How should Microsoft spend $49bn?

Discussion in 'General Microsoft Certifications' started by SimonV, Jul 30, 2003.

  1. SimonV
    Honorary Member

    SimonV Petabyte Poster Gold Member

    How should Microsoft spend $49bn? Perhaps they could start again from the beginning.

    Microsoft said last week it plans to hire 4,000 to 5,000 new workers and to increase research spending by about 8 percent, to $6.9bn (£4.24bn) per year. The company also said it has $49bn lying around collecting interest. hhhmmm small change I guess. So what should they be spending this money on? Whats your view.
    Certifications: MOS Master 2003, CompTIA A+, MCSA:M, MCSE
    WIP: Keeping CF Alive...
  2. Nelix
    Honorary Member

    Nelix Gigabyte Poster

    GIMME GIMME GIMME (a (wo)man after midnight) :D

    A million £ would do, they wouldn't even notice it
    Certifications: A+, 70-210, 70-290, 70-291, 74-409, 70-410, 70-411, 70-337, 70-347
    WIP: 70-346
  3. Sandy

    Sandy Ex-Member

    interesting point

    how about buying a couple of small planets?
  4. Jakamoko
    Honorary Member

    Jakamoko On the move again ...

    How many sweeties would that be, then ? :eek:
    Certifications: MCP, A+, Network+
    WIP: Clarity
  5. Sandy

    Sandy Ex-Member

    are we talking Mars bars or "Hundreds and Thousands" ( an old Dad's Army line)
  6. Anonymouse

    Anonymouse Bit Poster

    ...they can find some way to remove all their HotMail subscribers from the multiple spam lists, ideally without telling the companies responsible for the spam. They should also resolve, on pain of death, never to repeat the fiasco regarding the checkboxes in HotMail.

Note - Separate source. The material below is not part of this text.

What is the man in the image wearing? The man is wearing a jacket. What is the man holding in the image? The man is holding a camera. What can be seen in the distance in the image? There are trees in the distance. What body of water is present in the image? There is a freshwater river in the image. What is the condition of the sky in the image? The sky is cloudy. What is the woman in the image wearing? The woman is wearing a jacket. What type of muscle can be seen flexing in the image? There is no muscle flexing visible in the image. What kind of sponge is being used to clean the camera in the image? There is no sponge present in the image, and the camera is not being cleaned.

    Next, they can write an open source version of Windows.

    Making the Registry a bit more legible would help - I can understand storing keys etc. in hex, but displaying them like that? What exactly are you supposed to make of the class IDs when they're just apparently random strings of hex digits?

    Since Microsoft now own Apple (is that still true?), they should develop a version of Windows that works on Motorola processors - for anyone who's done assembler programming, I can tell you from experience that programming in 68000 Assembler is a joy compared to 80386 Assembler. The Motorola chips have a cleaner, more efficient architecture, and to the best of my knowledge they don't have to run hot enough to fry eggs on. Combine Motorola chip power with, say, Win 2000, and you'd really have something.